- Interactive map of Windsor Place, Missouri
- Coordinates: 38°56′03″N 92°42′11″W﻿ / ﻿38.93417°N 92.70306°W
- Country: United States
- State: Missouri
- County: Cooper

Area
- • Total: 0.90 sq mi (2.32 km^{2})
- • Land: 0.90 sq mi (2.32 km^{2})
- • Water: 0 sq mi (0.00 km^{2})
- Elevation: 617 ft (188 m)

Population (2020)
- • Total: 358
- • Density: 399.2/sq mi (154.13/km^{2})
- ZIP code: 65233
- Area code: 660
- FIPS code: 29-80380
- GNIS feature ID: 2399714
- Website: www.windsorplacemo.com

= Windsor Place, Missouri =

Windsor Place is a village in Cooper County, Missouri, United States. It was incorporated in 2006. As of the 2020 census, Windsor Place had a population of 358.

==Geography==
The community lies just west of Missouri Route 87 and less than one half mile (0.8 km) south of I-70. Booneville is approximately three miles (4.82 km) to the northwest.

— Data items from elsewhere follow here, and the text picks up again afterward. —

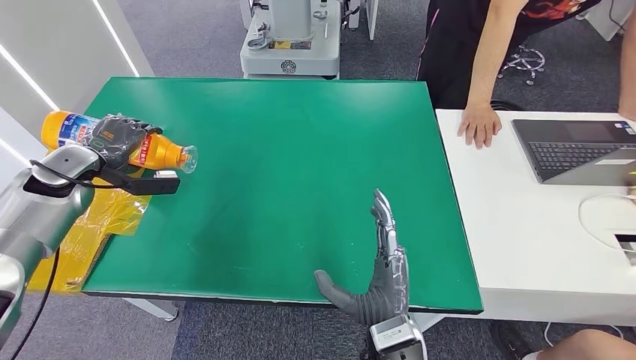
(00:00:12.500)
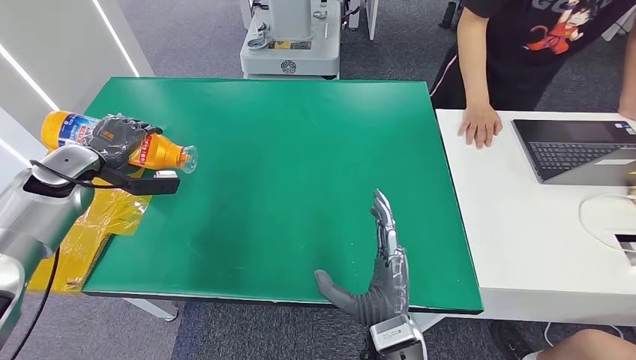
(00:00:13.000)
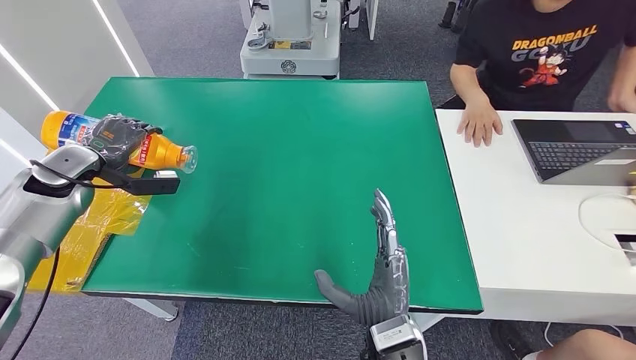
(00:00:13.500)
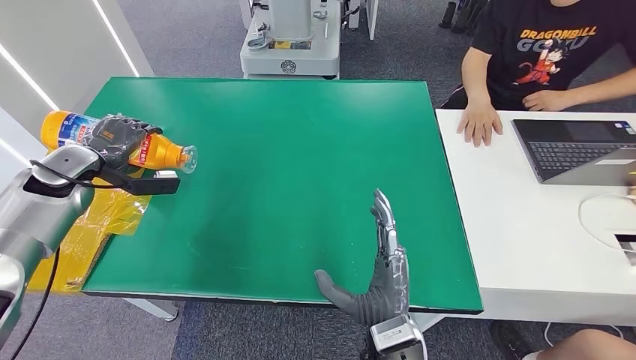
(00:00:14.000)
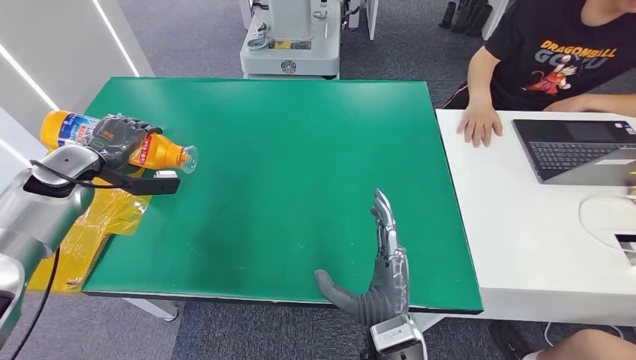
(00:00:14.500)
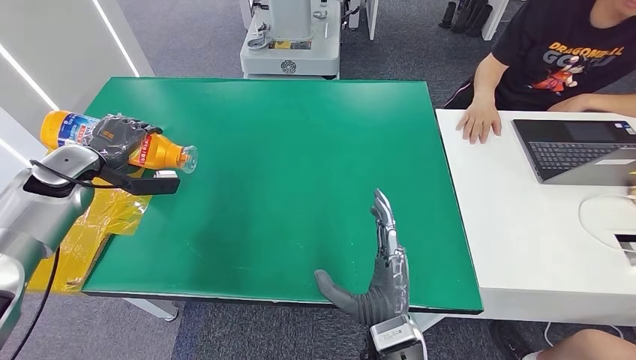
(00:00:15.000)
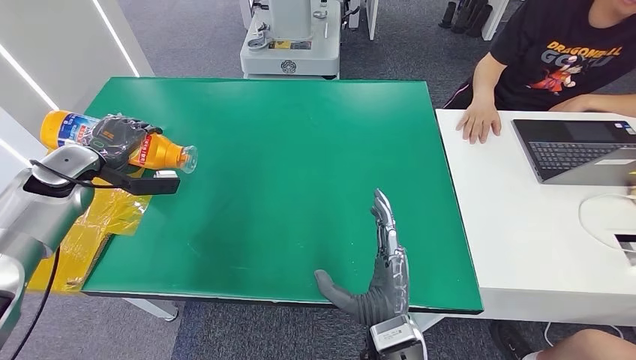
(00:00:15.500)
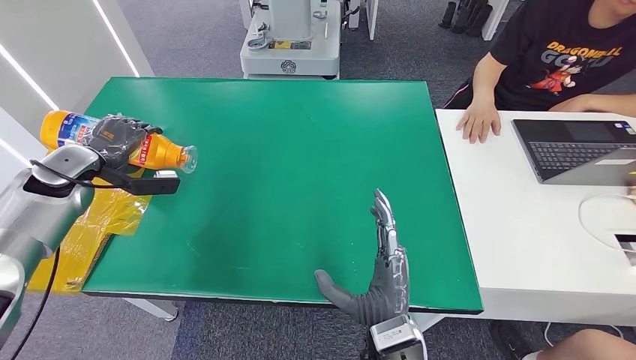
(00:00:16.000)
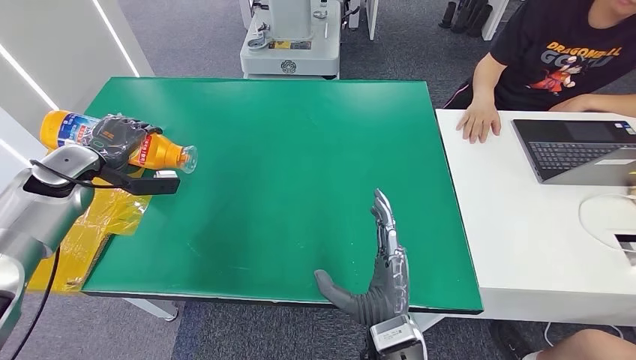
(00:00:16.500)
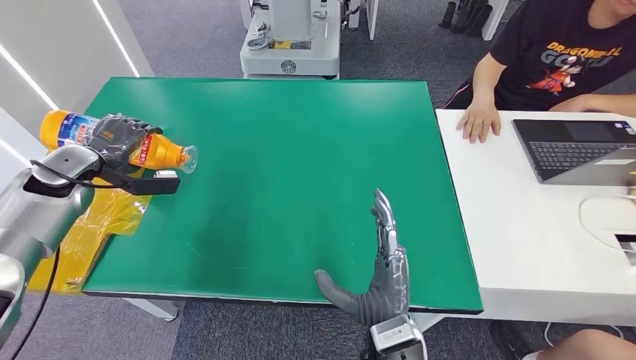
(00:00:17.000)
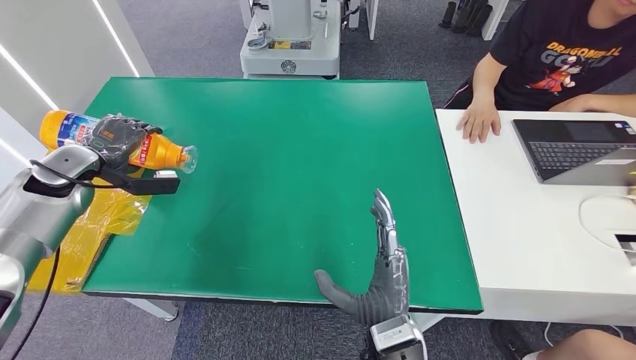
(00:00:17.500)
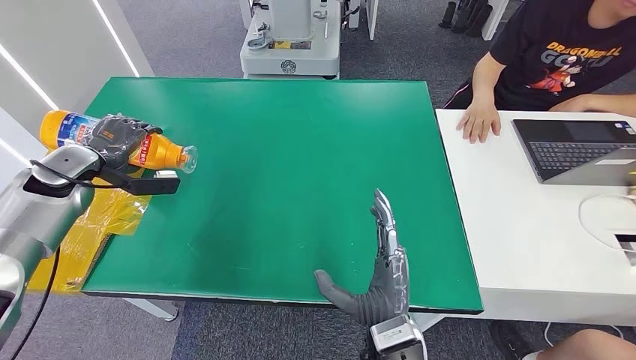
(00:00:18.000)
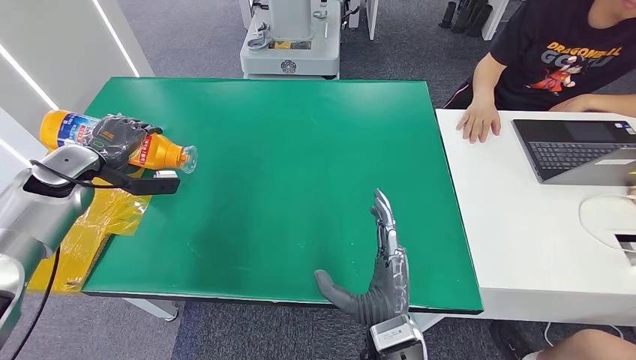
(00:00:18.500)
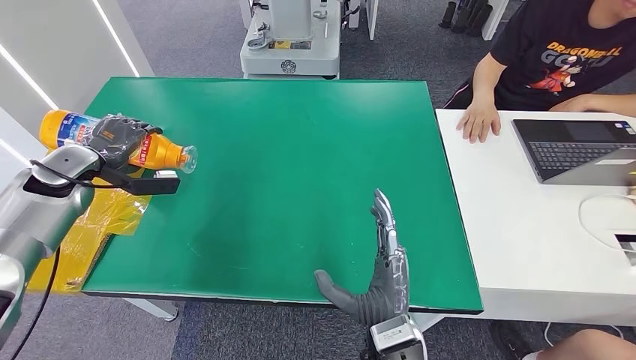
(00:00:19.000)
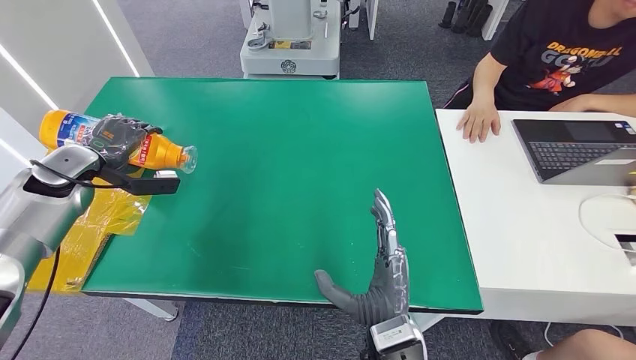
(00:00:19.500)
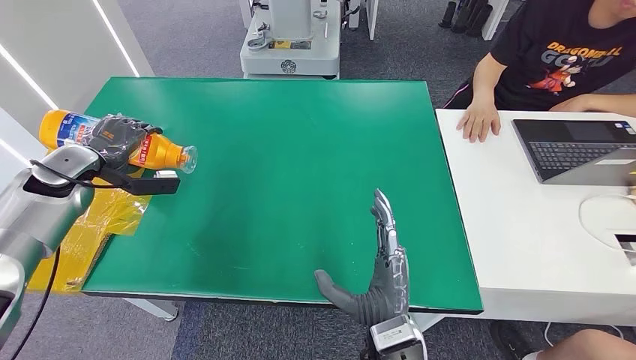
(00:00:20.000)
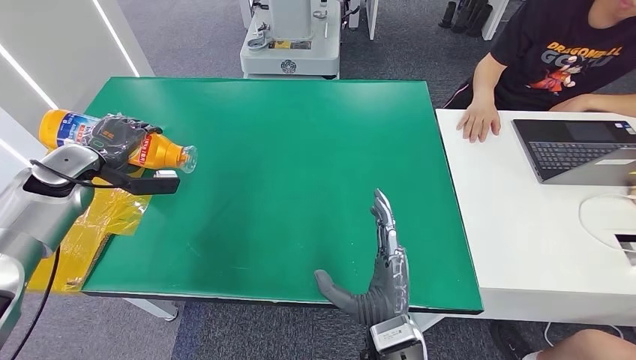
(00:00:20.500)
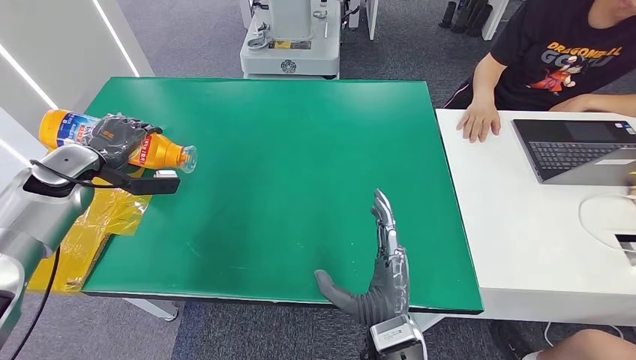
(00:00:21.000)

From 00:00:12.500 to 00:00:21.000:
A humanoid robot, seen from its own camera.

According to the United States Census Bureau, the village has a total area of 0.20 sqmi, all land.

==Demographics==

Historical population
| Census | Pop. | Note | %± |
| 2010 | 309 |  | — |
| 2020 | 358 |  | 15.9% |
U.S. Decennial Census

===2010 census===
As of the census of 2010, there were 309 people, 113 households, and 92 families residing in the village. The population density was 1545.0 PD/sqmi. There were 119 housing units at an average density of 595.0 /sqmi. The racial makeup of the village was 92.2% White, 1.3% African American, 2.3% Asian, 0.6% from other races, and 3.6% from two or more races. Hispanic or Latino of any race were 1.9% of the population.

There were 113 households, of which 42.5% had children under the age of 18 living with them, 60.2% were married couples living together, 16.8% had a female householder with no husband present, 4.4% had a male householder with no wife present, and 18.6% were non-families. 16.8% of all households were made up of individuals, and 4.4% had someone living alone who was 65 years of age or older. The average household size was 2.73 and the average family size was 3.00.

The median age in the village was 33.6 years. 29.1% of residents were under the age of 18; 7.7% were between the ages of 18 and 24; 30% were from 25 to 44; 21.7% were from 45 to 64; and 11.3% were 65 years of age or older. The gender makeup of the village was 46.6% male and 53.4% female.